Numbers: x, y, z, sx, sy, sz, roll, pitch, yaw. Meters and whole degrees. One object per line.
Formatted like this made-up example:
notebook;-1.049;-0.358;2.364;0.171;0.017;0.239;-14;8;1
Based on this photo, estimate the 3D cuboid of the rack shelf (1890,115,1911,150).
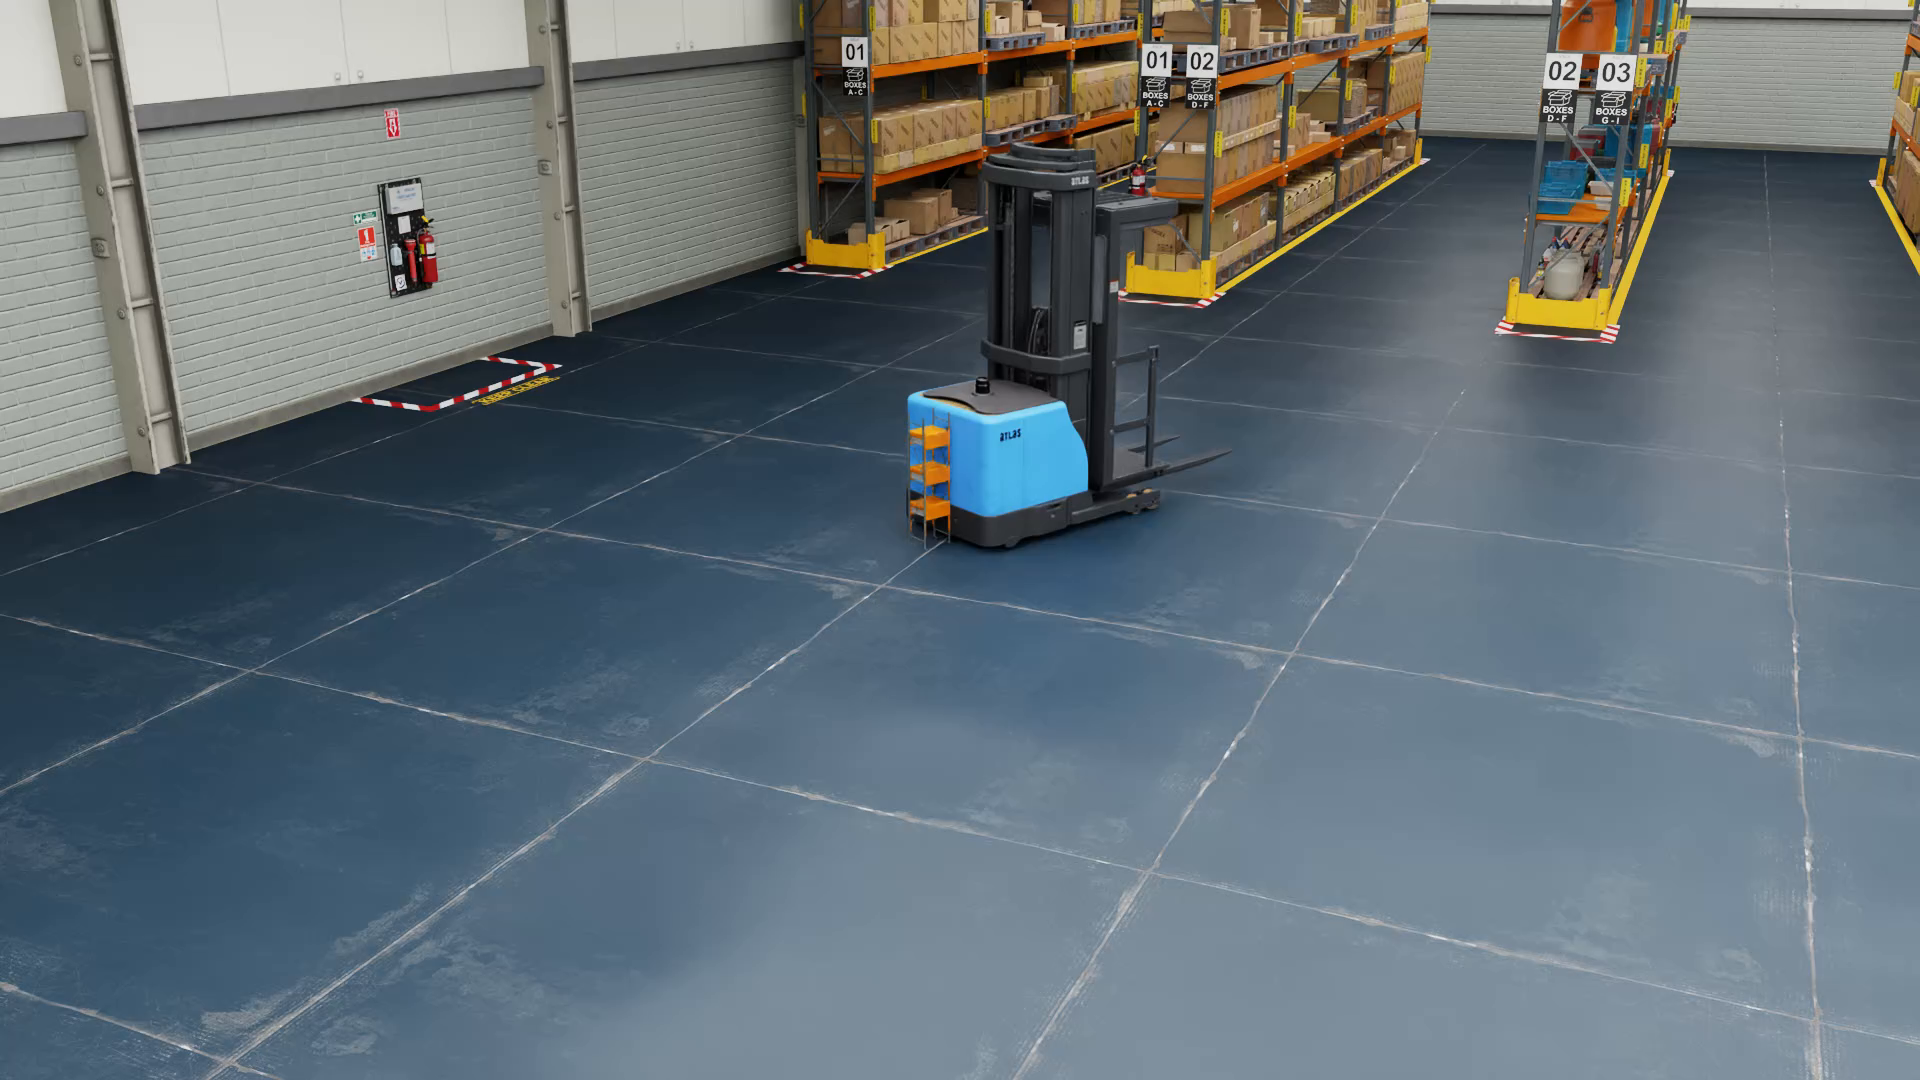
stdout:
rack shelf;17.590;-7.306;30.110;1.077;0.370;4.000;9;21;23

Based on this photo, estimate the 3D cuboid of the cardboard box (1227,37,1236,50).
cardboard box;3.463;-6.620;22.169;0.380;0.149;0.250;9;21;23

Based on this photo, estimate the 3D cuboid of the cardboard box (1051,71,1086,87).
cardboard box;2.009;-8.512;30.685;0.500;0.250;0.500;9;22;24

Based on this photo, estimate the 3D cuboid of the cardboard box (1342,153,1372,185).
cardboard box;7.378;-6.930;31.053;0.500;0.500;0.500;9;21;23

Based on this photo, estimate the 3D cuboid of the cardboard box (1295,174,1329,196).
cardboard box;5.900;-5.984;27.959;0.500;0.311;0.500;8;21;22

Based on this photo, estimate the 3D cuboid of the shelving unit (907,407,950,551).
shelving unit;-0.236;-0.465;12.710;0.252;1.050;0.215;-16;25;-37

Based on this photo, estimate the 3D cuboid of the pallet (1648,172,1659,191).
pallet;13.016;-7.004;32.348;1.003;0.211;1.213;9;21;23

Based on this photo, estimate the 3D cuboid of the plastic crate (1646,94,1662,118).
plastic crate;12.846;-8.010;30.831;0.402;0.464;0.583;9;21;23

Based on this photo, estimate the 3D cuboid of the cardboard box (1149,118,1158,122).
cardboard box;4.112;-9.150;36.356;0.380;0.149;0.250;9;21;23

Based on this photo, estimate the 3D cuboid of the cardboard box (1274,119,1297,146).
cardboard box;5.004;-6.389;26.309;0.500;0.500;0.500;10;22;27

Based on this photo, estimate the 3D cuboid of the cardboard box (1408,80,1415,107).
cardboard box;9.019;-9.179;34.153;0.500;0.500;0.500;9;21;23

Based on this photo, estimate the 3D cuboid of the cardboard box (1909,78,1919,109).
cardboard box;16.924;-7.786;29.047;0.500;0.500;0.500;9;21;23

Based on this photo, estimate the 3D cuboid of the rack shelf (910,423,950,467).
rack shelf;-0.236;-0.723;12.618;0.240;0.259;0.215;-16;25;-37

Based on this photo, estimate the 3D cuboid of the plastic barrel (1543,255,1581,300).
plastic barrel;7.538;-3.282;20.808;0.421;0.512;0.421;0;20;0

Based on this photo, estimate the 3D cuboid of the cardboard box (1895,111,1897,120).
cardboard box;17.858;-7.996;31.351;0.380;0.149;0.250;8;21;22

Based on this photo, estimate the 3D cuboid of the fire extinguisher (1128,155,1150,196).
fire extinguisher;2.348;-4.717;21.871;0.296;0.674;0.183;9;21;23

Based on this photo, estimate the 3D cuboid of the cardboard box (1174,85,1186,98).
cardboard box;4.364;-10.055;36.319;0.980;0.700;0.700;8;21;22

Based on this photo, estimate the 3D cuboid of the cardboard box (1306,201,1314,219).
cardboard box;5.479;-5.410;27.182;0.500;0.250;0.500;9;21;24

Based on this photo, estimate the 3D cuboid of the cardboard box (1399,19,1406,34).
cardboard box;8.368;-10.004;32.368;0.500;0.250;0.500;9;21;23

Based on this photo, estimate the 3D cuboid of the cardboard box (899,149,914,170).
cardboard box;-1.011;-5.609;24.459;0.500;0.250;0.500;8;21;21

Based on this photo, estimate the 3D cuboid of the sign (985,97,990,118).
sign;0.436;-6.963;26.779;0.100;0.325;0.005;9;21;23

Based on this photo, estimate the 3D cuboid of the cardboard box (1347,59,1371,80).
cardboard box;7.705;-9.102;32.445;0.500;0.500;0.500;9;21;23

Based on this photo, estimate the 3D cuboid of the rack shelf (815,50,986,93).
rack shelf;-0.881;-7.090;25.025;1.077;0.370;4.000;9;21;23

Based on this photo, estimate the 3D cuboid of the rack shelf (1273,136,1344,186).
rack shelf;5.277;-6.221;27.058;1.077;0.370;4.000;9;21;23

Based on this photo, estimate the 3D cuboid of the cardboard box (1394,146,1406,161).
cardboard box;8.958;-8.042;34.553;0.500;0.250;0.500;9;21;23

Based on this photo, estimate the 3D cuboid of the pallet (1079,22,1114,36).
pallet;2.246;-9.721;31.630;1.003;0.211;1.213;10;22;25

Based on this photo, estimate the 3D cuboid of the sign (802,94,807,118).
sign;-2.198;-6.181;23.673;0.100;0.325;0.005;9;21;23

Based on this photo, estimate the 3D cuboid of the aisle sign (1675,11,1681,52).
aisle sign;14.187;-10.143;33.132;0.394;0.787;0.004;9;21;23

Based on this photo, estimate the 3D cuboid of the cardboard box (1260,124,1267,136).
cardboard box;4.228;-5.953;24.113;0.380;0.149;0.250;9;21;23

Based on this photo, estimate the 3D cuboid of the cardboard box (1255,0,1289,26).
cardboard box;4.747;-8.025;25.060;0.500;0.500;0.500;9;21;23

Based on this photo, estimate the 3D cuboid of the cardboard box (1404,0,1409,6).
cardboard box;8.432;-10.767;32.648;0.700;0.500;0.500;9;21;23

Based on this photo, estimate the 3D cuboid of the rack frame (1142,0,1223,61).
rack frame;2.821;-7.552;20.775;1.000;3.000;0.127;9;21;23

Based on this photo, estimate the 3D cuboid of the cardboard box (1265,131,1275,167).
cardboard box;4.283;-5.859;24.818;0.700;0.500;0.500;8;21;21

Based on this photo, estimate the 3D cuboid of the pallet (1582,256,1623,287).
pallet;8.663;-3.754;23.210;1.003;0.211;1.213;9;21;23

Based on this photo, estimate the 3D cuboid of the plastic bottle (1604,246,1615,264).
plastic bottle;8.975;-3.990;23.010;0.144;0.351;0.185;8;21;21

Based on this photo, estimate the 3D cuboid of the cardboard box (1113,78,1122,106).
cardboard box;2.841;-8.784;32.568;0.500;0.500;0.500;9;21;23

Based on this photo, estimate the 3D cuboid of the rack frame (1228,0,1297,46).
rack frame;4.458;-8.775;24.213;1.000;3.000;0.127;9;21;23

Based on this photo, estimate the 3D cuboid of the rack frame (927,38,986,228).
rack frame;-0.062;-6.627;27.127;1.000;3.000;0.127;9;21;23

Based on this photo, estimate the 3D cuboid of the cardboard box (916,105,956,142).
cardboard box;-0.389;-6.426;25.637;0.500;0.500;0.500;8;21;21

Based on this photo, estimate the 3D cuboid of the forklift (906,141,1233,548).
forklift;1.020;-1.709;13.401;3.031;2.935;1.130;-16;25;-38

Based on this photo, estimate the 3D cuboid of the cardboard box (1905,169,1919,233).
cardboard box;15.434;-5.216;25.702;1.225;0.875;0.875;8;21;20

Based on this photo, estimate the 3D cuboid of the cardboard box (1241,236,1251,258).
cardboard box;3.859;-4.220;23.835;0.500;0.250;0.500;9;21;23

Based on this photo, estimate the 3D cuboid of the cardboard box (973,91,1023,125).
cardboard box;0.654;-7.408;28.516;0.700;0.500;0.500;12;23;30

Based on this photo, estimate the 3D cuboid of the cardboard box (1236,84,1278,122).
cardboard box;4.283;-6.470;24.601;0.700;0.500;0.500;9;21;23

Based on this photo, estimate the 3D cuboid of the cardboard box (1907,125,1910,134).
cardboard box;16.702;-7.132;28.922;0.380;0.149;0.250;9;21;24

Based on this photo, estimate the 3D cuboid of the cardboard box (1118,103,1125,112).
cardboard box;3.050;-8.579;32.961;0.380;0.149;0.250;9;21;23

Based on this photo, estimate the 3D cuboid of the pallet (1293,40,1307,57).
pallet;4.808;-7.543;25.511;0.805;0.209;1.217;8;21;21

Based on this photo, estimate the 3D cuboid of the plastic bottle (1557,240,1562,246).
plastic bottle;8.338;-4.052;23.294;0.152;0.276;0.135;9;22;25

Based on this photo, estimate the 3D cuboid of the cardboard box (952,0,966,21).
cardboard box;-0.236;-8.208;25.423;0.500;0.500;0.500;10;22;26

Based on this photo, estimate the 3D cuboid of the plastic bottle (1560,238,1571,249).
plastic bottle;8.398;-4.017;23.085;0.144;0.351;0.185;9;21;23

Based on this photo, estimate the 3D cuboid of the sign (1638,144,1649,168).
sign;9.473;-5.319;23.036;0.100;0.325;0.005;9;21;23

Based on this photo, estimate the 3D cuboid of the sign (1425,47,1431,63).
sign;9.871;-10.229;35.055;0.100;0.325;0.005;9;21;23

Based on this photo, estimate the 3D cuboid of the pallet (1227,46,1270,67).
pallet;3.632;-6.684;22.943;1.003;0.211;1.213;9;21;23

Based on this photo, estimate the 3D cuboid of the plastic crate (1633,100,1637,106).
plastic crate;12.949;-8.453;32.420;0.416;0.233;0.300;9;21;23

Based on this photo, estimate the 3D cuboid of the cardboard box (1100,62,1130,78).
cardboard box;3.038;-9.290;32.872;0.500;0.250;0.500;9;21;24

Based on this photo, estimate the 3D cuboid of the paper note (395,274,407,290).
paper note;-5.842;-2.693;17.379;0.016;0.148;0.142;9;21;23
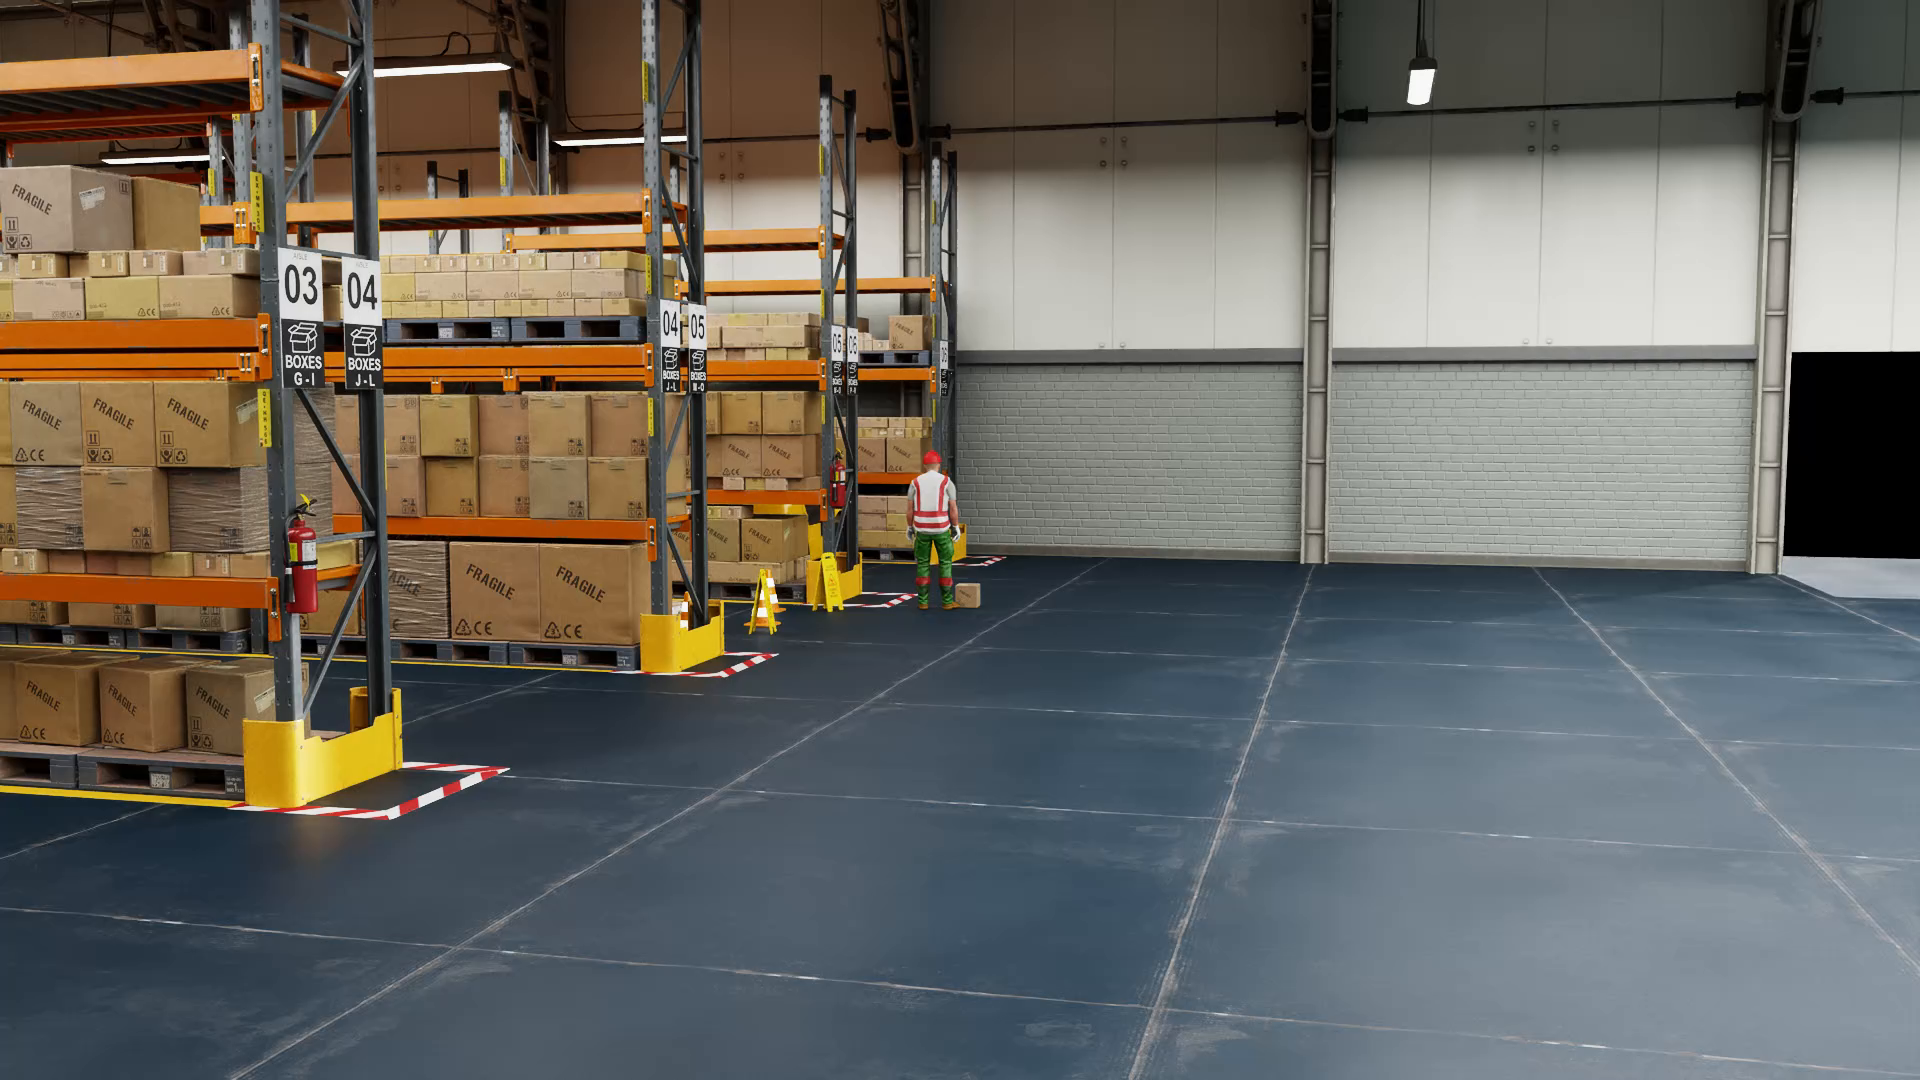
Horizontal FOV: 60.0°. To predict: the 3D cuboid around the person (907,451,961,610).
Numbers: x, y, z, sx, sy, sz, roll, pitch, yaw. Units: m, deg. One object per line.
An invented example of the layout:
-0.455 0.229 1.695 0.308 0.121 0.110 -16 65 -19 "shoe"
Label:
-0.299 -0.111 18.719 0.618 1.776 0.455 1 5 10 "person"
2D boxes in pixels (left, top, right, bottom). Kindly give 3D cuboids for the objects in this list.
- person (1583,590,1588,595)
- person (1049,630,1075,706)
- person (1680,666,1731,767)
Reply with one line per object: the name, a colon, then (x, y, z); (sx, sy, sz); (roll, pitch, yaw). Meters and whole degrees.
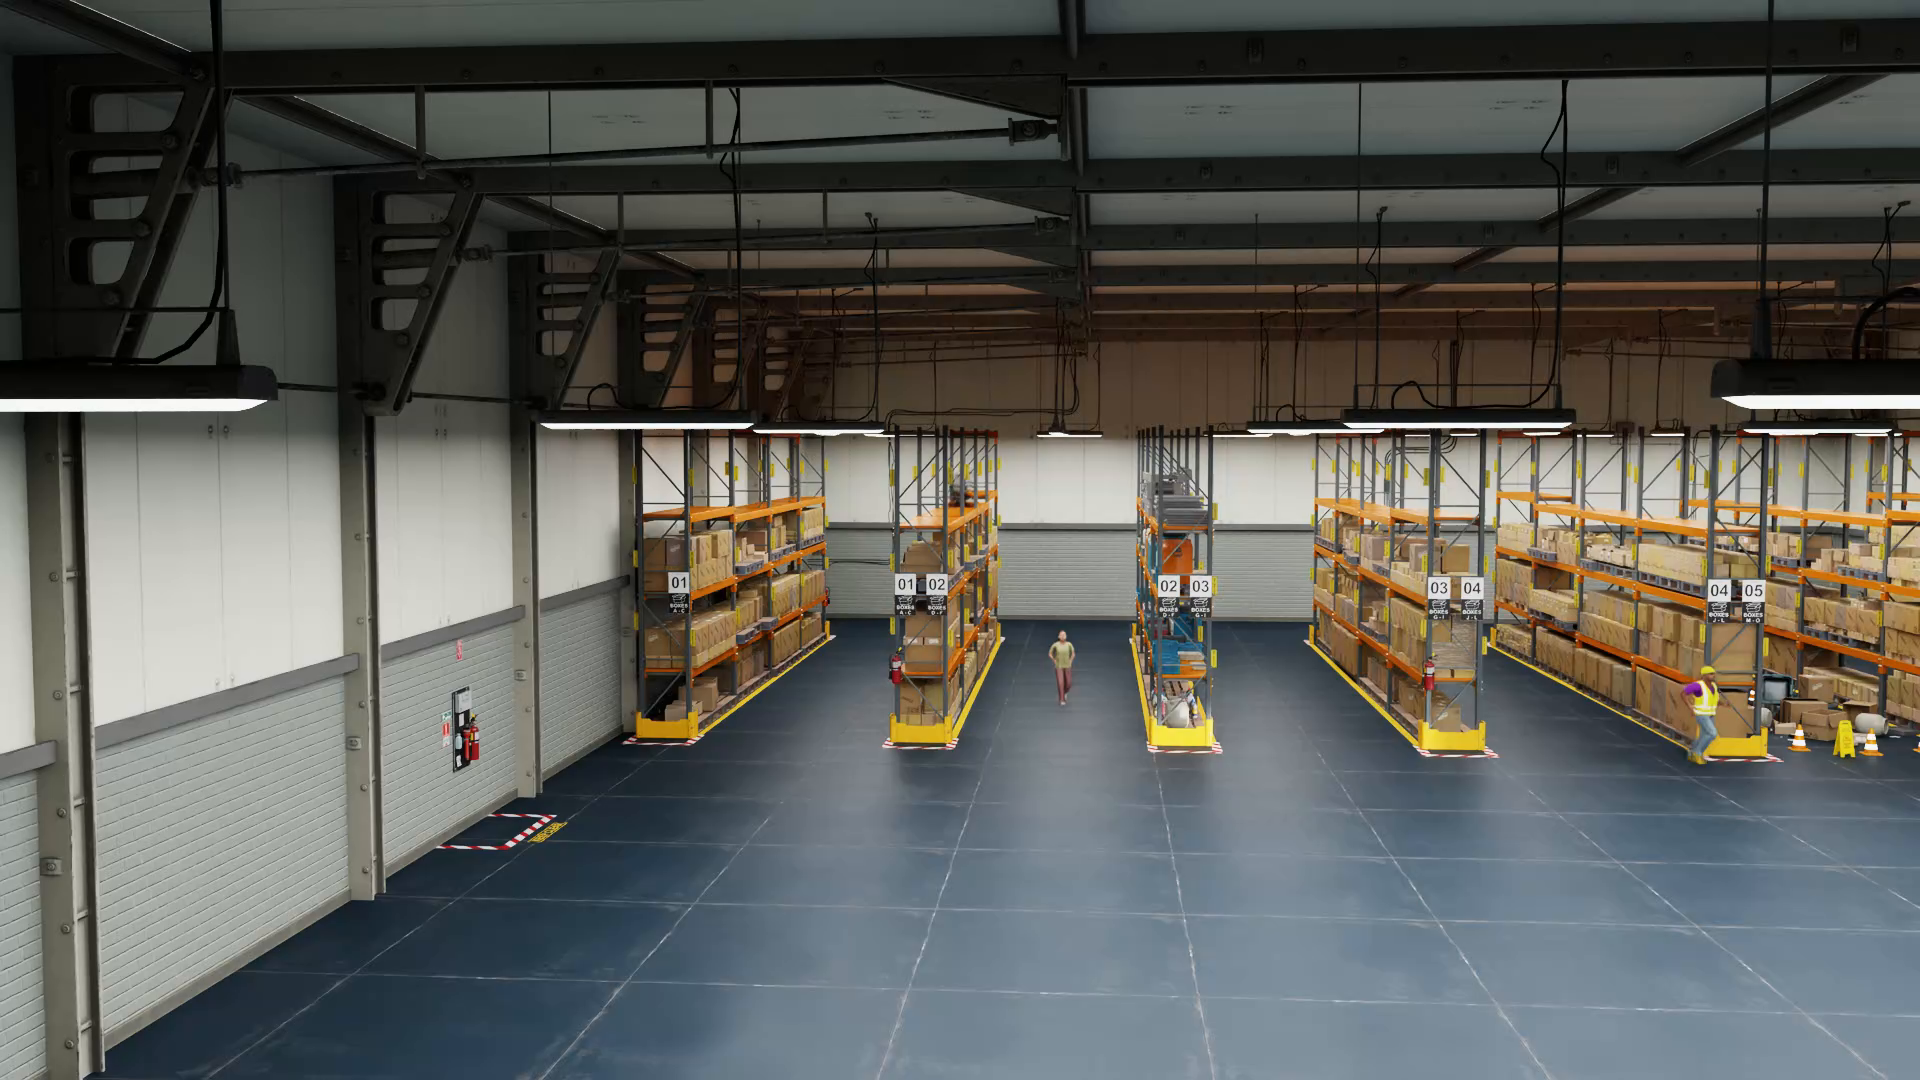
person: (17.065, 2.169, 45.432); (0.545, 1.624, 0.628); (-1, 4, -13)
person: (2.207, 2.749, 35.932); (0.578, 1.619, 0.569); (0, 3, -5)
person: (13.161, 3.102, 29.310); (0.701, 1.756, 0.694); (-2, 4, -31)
-------------------------
DIRECTIONS - Filter the listing by the string "Numbers"; copy each matching line.

RESULT -
Numbers: x, y, z, sx, sy, sz, roll, pitch, yaw. Meters and whole degrees. One object per line.
Numbers: x, y, z, sx, sy, sz, roll, pitch, yaw. Units: m, deg. One object per line.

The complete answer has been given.